Here \(\mathbf {i} := (iI_n,\ldots ,iI_n) \in \mathcal {H}\). We write \(\mathcal {M}_k (D,\psi )\) for this space. Strong approximation theorem for \(Sp_n\) gives \(\mathcal {M}_k (D,\psi ) \cong M_k(\Gamma ^q,\psi )\) for any \(q \in G_{\mathbf {f}}\), where in the half-integral case we assume that \(\Gamma ^q \subset \Gamma ^{\theta }\).

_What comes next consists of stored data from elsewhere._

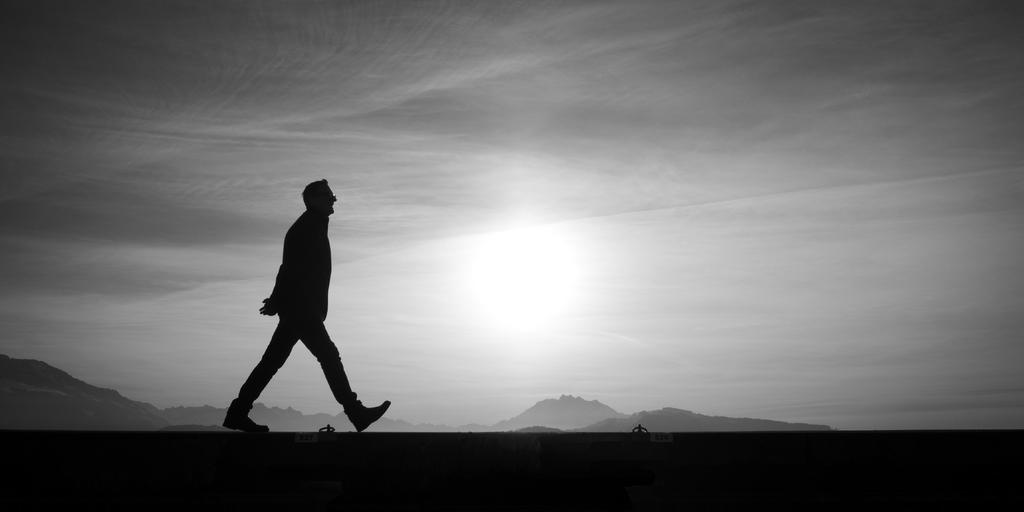What is the color scheme of the image? The image is black and white. What is the man in the image doing? The man is walking in the image. What can be seen in the background of the image? Mountains and the sky are visible in the background of the image. What type of corn can be seen growing in the image? There is no corn present in the image; it features a man walking in a black and white setting with mountains and the sky in the background. Can you tell me how many chess pieces are visible in the image? There are no chess pieces present in the image. 
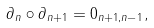<formula> <loc_0><loc_0><loc_500><loc_500>\partial _ { n } \circ \partial _ { n + 1 } = 0 _ { n + 1 , n - 1 } ,</formula> 
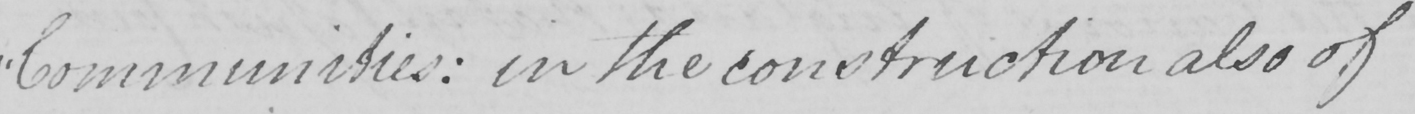Can you read and transcribe this handwriting? " Communities :  in the construction also of 
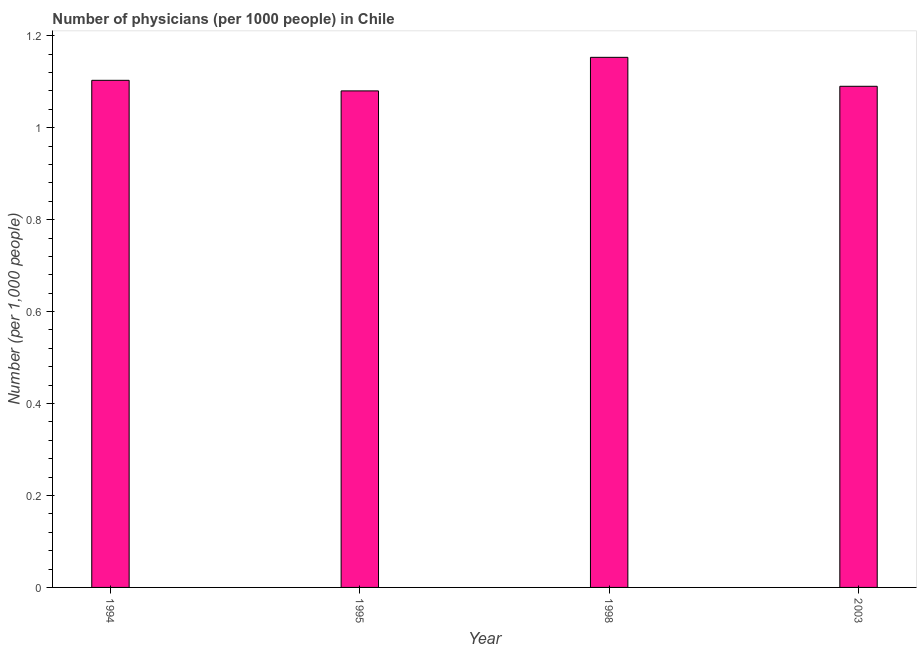Does the graph contain any zero values?
Provide a succinct answer. No. Does the graph contain grids?
Your answer should be compact. No. What is the title of the graph?
Ensure brevity in your answer.  Number of physicians (per 1000 people) in Chile. What is the label or title of the Y-axis?
Provide a short and direct response. Number (per 1,0 people). What is the number of physicians in 2003?
Offer a terse response. 1.09. Across all years, what is the maximum number of physicians?
Your answer should be very brief. 1.15. Across all years, what is the minimum number of physicians?
Your answer should be very brief. 1.08. In which year was the number of physicians maximum?
Make the answer very short. 1998. What is the sum of the number of physicians?
Provide a succinct answer. 4.43. What is the difference between the number of physicians in 1998 and 2003?
Make the answer very short. 0.06. What is the average number of physicians per year?
Provide a short and direct response. 1.11. What is the median number of physicians?
Ensure brevity in your answer.  1.1. Do a majority of the years between 2003 and 1998 (inclusive) have number of physicians greater than 0.24 ?
Offer a very short reply. No. What is the ratio of the number of physicians in 1998 to that in 2003?
Make the answer very short. 1.06. What is the difference between the highest and the second highest number of physicians?
Your answer should be compact. 0.05. Is the sum of the number of physicians in 1994 and 1995 greater than the maximum number of physicians across all years?
Keep it short and to the point. Yes. What is the difference between the highest and the lowest number of physicians?
Provide a short and direct response. 0.07. How many bars are there?
Offer a very short reply. 4. Are all the bars in the graph horizontal?
Make the answer very short. No. How many years are there in the graph?
Your response must be concise. 4. What is the difference between two consecutive major ticks on the Y-axis?
Your answer should be very brief. 0.2. Are the values on the major ticks of Y-axis written in scientific E-notation?
Your response must be concise. No. What is the Number (per 1,000 people) in 1994?
Offer a very short reply. 1.1. What is the Number (per 1,000 people) of 1995?
Give a very brief answer. 1.08. What is the Number (per 1,000 people) in 1998?
Ensure brevity in your answer.  1.15. What is the Number (per 1,000 people) in 2003?
Your answer should be compact. 1.09. What is the difference between the Number (per 1,000 people) in 1994 and 1995?
Keep it short and to the point. 0.02. What is the difference between the Number (per 1,000 people) in 1994 and 1998?
Offer a very short reply. -0.05. What is the difference between the Number (per 1,000 people) in 1994 and 2003?
Offer a very short reply. 0.01. What is the difference between the Number (per 1,000 people) in 1995 and 1998?
Make the answer very short. -0.07. What is the difference between the Number (per 1,000 people) in 1995 and 2003?
Provide a succinct answer. -0.01. What is the difference between the Number (per 1,000 people) in 1998 and 2003?
Keep it short and to the point. 0.06. What is the ratio of the Number (per 1,000 people) in 1995 to that in 1998?
Give a very brief answer. 0.94. What is the ratio of the Number (per 1,000 people) in 1995 to that in 2003?
Provide a succinct answer. 0.99. What is the ratio of the Number (per 1,000 people) in 1998 to that in 2003?
Offer a very short reply. 1.06.

We define the space of automorphic cusp form \(\mathcal {S}_k(D,\psi )\) to be the subspace of \(\mathcal {M}_k(D,\psi )\) that is in bijection with \(S_k(\Gamma ^q,\psi )\) for any \(q \in G_\mathbf {f}\) in the above bijection. Using the above bijection we also define \(\mathcal {M}_k(D,\psi ,L)\) for any subfield L of \(\mathbb {C}\) and an action of \(Gal(\overline{\mathbb {Q}}/\mathbb {Q})\) on \(\mathcal {M}_k(D,\psi ,\overline{\mathbb {Q}})\).

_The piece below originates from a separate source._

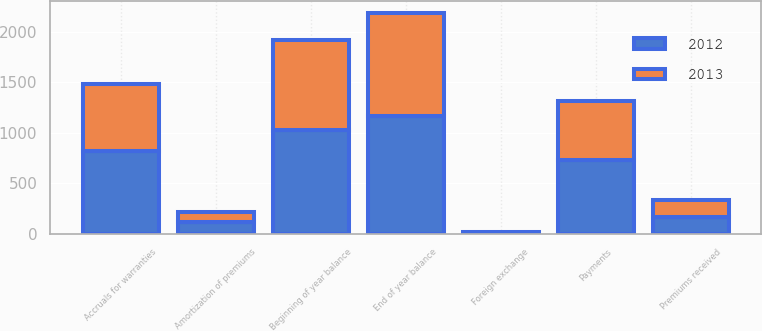Convert chart to OTSL. <chart><loc_0><loc_0><loc_500><loc_500><stacked_bar_chart><ecel><fcel>Beginning of year balance<fcel>Payments<fcel>Amortization of premiums<fcel>Accruals for warranties<fcel>Premiums received<fcel>Foreign exchange<fcel>End of year balance<nl><fcel>2012<fcel>1025<fcel>736<fcel>120<fcel>821<fcel>170<fcel>4<fcel>1164<nl><fcel>2013<fcel>892<fcel>580<fcel>100<fcel>666<fcel>164<fcel>17<fcel>1025<nl></chart>

Finally for \(q \in GL_n(F)_{\mathbb {A}}\) and \(s \in {S_+}_{\mathbb {A}}\) we set \(x_{q,s}{:=} \left( \begin{array}{c@{\quad }c} q &{} s {^t\!q}^{-1} \\ 0 &{} {^t\!q}^{-1} \\ \end{array} \right) \) and obtain an adelic q-expansion (see [10, pp. 167–168]),
$$\begin{aligned} \mathbf {f} (x_{q,s}) = det(q_{\infty })^{[k]}|det(q)|_{\infty }^{k-[k]} \sum _{\tau \in S_+} c(\tau ,q;\mathbf {f}) e_{\infty } (\mathbf {i}{^t\!q}\tau q) e_{\mathbb {A}}(\tau s), \end{aligned}$$
where for the definition of \(e_{\mathbb {A}}\) to [10, p. 127], and in the case of half-integral we view \(x_{q,s}\) in \(M_{\mathbb {A}}\) using the canonical lift \(P_{\mathbb {A}} \hookrightarrow M_{\mathbb {A}}\) of the adelic Siegel parabolic \(P_{\mathbb {A}}\). Finally, in the half-integral weight situation, we set \(\mu (\tau ,q;\mathbf {f}) := |det(q)|_{F}^{1/2} c(\tau ,q;\mathbf {f})\).

3 A reciprocity law on Eisenstein series

In this section we recall a theorem proved in [1] concerning the action of the absolute Galois group on some Siegel type Eisenstein series. We start by fixing some notation. Let \(k \in \frac{1}{2}\mathbb {Z}^{d}\) be a weight and let \(\mathfrak {b}\) be a fractional ideal and \(\mathfrak {c}\) an integral ideal of F. Further we consider a Hecke character \(\chi \) of F with infinity type \(\chi _{\mathbf {\infty }}(x)=x_{\mathbf {\infty }}^{[k]} |x_{\mathbf {\infty }}|^{[k]}\) and of conductor dividing \(\mathfrak {c}\). Moreover in case that k is half-integral we assume that \(\mathfrak {b}\) and \(\mathfrak {c}\) are such that \(D[\mathfrak {b}^{-1},\mathfrak {b}\mathfrak {c}] \subset D[2\mathfrak {d}^{-1},2\mathfrak {d}]\).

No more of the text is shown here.